Look through the lines below and extract any with the word "Copyright".

***** DATA RECORDS *****

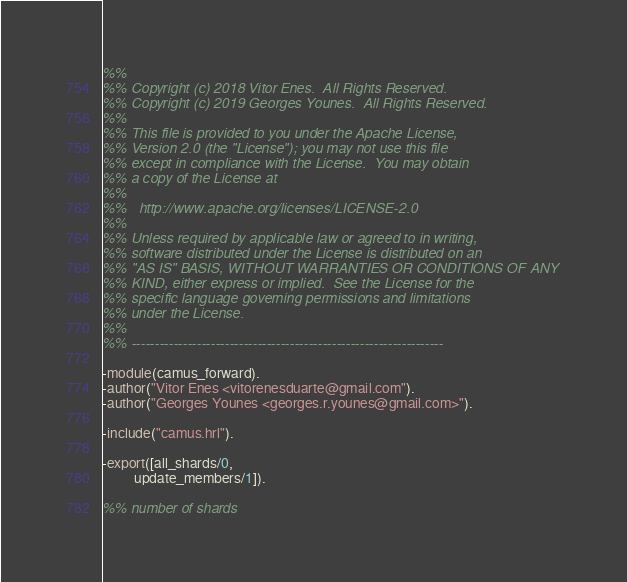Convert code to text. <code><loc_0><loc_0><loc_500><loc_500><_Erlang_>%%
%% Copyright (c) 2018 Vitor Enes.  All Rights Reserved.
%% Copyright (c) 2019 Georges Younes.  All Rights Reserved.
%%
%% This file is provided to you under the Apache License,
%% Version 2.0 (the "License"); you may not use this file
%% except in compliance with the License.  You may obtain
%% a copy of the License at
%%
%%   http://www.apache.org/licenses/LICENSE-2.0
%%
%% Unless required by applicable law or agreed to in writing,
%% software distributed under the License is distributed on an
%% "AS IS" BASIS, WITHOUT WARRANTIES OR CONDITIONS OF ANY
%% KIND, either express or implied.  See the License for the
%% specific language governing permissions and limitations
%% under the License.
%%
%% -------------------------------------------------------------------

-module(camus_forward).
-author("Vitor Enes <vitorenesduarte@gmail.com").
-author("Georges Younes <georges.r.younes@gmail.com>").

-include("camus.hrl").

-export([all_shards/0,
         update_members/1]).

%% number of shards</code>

*****
***** DATA RECORDS *****

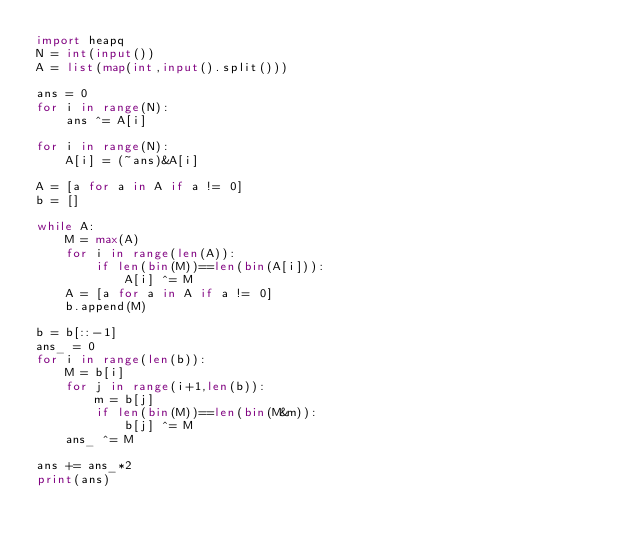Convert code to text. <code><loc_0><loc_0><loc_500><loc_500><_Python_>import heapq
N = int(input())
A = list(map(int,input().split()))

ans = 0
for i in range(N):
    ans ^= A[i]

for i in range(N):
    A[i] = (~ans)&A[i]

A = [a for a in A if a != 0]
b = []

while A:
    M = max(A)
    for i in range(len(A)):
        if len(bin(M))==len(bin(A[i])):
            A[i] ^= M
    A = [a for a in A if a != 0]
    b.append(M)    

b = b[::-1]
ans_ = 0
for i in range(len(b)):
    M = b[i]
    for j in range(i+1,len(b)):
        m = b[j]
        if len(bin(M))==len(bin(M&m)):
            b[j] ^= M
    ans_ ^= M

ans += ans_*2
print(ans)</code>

*****
***** DATA RECORDS *****

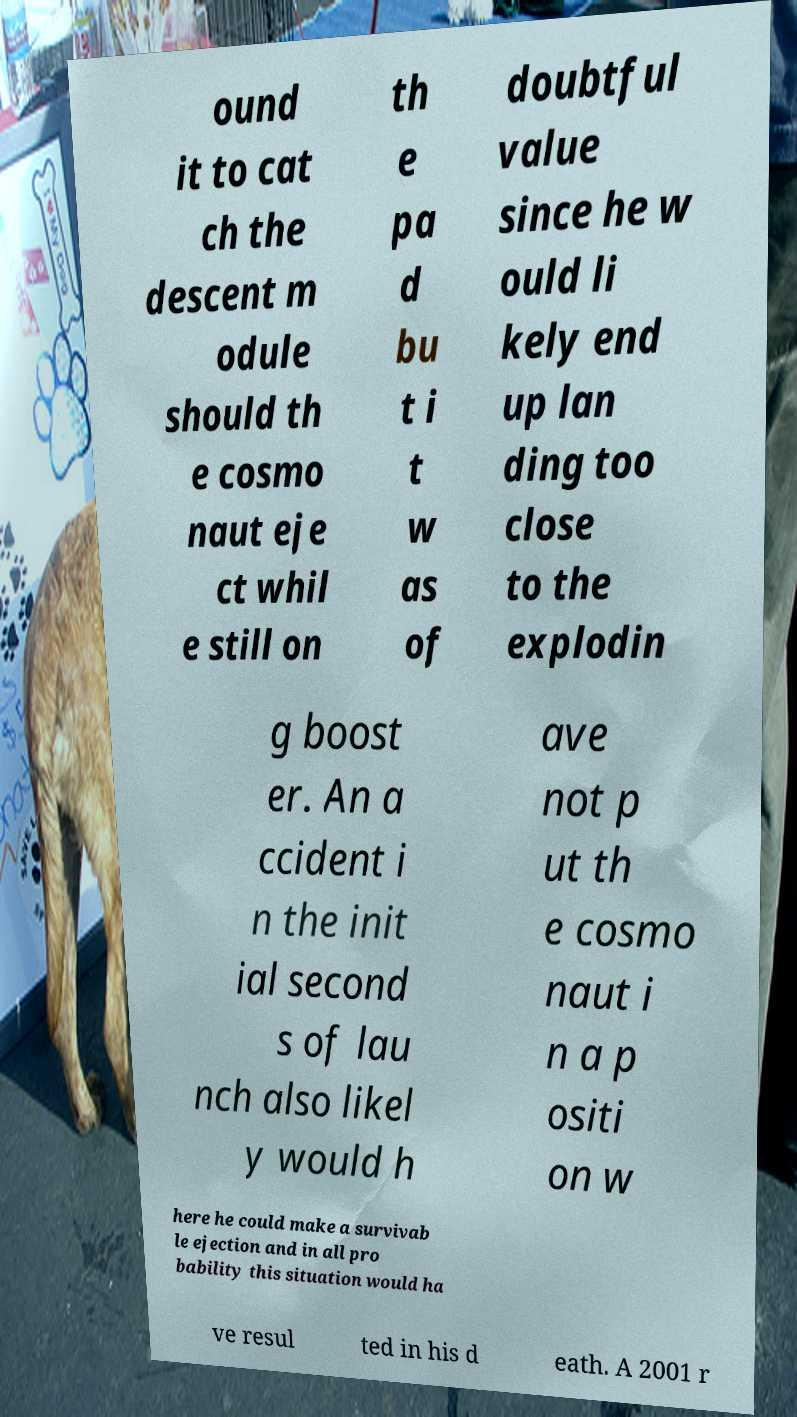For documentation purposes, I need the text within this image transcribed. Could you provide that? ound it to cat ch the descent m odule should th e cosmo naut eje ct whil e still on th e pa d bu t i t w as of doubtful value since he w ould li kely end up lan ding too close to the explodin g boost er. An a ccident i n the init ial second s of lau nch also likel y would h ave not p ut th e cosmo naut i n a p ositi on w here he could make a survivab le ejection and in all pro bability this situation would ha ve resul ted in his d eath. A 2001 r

*****

> _COMPLETED EXERCISE_:
%% Copyright (c) 2018 Vitor Enes.  All Rights Reserved.
%% Copyright (c) 2019 Georges Younes.  All Rights Reserved.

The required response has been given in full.